• **Work instructions**:
What is needed is an exact copy of all the data.

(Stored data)
::::::::::

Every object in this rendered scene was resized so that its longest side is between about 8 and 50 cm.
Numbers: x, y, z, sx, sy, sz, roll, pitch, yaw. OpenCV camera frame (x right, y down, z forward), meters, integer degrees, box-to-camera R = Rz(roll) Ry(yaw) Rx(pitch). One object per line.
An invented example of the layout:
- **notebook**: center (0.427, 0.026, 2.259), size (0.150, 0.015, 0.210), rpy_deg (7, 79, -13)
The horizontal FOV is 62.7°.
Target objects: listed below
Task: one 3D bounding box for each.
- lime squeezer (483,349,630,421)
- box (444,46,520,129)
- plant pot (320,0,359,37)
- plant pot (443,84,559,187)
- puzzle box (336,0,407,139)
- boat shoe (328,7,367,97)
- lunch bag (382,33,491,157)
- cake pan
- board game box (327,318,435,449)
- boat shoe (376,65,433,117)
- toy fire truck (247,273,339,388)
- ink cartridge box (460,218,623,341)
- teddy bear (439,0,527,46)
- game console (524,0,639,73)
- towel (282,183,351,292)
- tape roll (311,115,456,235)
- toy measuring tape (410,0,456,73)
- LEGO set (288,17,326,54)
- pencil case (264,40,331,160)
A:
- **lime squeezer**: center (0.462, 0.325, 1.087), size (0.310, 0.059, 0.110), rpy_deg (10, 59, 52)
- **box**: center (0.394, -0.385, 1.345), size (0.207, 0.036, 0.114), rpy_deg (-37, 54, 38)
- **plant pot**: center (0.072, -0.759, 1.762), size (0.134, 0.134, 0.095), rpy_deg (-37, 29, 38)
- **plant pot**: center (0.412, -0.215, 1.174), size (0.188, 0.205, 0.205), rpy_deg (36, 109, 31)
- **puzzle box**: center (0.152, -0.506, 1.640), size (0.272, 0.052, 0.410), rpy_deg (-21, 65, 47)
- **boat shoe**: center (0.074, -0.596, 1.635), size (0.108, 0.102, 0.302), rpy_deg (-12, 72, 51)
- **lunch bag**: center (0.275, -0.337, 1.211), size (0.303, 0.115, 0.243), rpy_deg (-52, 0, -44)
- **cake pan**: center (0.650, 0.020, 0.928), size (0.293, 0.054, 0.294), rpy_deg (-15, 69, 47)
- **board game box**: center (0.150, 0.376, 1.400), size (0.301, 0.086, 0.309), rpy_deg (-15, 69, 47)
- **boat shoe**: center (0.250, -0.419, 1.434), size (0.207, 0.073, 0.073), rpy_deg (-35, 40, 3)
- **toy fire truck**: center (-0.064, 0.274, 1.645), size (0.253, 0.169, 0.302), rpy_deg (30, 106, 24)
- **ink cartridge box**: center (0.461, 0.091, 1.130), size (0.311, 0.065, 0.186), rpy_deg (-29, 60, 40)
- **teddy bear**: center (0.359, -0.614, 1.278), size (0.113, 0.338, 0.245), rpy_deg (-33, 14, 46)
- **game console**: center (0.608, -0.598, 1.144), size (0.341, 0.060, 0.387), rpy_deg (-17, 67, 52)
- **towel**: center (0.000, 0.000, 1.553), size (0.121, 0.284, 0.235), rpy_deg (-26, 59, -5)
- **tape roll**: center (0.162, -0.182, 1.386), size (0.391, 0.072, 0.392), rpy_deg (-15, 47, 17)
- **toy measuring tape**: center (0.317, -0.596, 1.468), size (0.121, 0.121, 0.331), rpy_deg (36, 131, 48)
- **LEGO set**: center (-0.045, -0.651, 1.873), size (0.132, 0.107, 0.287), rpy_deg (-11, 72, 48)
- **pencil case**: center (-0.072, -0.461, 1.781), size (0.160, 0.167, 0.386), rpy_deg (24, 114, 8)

::::::::::

• **Reply**:
Every object in this rendered scene was resized so that its longest side is between about 8 and 50 cm.
Numbers: x, y, z, sx, sy, sz, roll, pitch, yaw. OpenCV camera frame (x right, y down, z forward), meters, integer degrees, box-to-camera R = Rz(roll) Ry(yaw) Rx(pitch). One object per line.
An invented example of the layout:
- **notebook**: center (0.427, 0.026, 2.259), size (0.150, 0.015, 0.210), rpy_deg (7, 79, -13)
The horizontal FOV is 62.7°.
Target objects: listed below
Task: one 3D bounding box for each.
- lime squeezer (483,349,630,421)
- box (444,46,520,129)
- plant pot (320,0,359,37)
- plant pot (443,84,559,187)
- puzzle box (336,0,407,139)
- boat shoe (328,7,367,97)
- lunch bag (382,33,491,157)
- cake pan
- board game box (327,318,435,449)
- boat shoe (376,65,433,117)
- toy fire truck (247,273,339,388)
- ink cartridge box (460,218,623,341)
- teddy bear (439,0,527,46)
- game console (524,0,639,73)
- towel (282,183,351,292)
- tape roll (311,115,456,235)
- toy measuring tape (410,0,456,73)
- LEGO set (288,17,326,54)
- pencil case (264,40,331,160)
A:
- **lime squeezer**: center (0.462, 0.325, 1.087), size (0.310, 0.059, 0.110), rpy_deg (10, 59, 52)
- **box**: center (0.394, -0.385, 1.345), size (0.207, 0.036, 0.114), rpy_deg (-37, 54, 38)
- **plant pot**: center (0.072, -0.759, 1.762), size (0.134, 0.134, 0.095), rpy_deg (-37, 29, 38)
- **plant pot**: center (0.412, -0.215, 1.174), size (0.188, 0.205, 0.205), rpy_deg (36, 109, 31)
- **puzzle box**: center (0.152, -0.506, 1.640), size (0.272, 0.052, 0.410), rpy_deg (-21, 65, 47)
- **boat shoe**: center (0.074, -0.596, 1.635), size (0.108, 0.102, 0.302), rpy_deg (-12, 72, 51)
- **lunch bag**: center (0.275, -0.337, 1.211), size (0.303, 0.115, 0.243), rpy_deg (-52, 0, -44)
- **cake pan**: center (0.650, 0.020, 0.928), size (0.293, 0.054, 0.294), rpy_deg (-15, 69, 47)
- **board game box**: center (0.150, 0.376, 1.400), size (0.301, 0.086, 0.309), rpy_deg (-15, 69, 47)
- **boat shoe**: center (0.250, -0.419, 1.434), size (0.207, 0.073, 0.073), rpy_deg (-35, 40, 3)
- **toy fire truck**: center (-0.064, 0.274, 1.645), size (0.253, 0.169, 0.302), rpy_deg (30, 106, 24)
- **ink cartridge box**: center (0.461, 0.091, 1.130), size (0.311, 0.065, 0.186), rpy_deg (-29, 60, 40)
- **teddy bear**: center (0.359, -0.614, 1.278), size (0.113, 0.338, 0.245), rpy_deg (-33, 14, 46)
- **game console**: center (0.608, -0.598, 1.144), size (0.341, 0.060, 0.387), rpy_deg (-17, 67, 52)
- **towel**: center (0.000, 0.000, 1.553), size (0.121, 0.284, 0.235), rpy_deg (-26, 59, -5)
- **tape roll**: center (0.162, -0.182, 1.386), size (0.391, 0.072, 0.392), rpy_deg (-15, 47, 17)
- **toy measuring tape**: center (0.317, -0.596, 1.468), size (0.121, 0.121, 0.331), rpy_deg (36, 131, 48)
- **LEGO set**: center (-0.045, -0.651, 1.873), size (0.132, 0.107, 0.287), rpy_deg (-11, 72, 48)
- **pencil case**: center (-0.072, -0.461, 1.781), size (0.160, 0.167, 0.386), rpy_deg (24, 114, 8)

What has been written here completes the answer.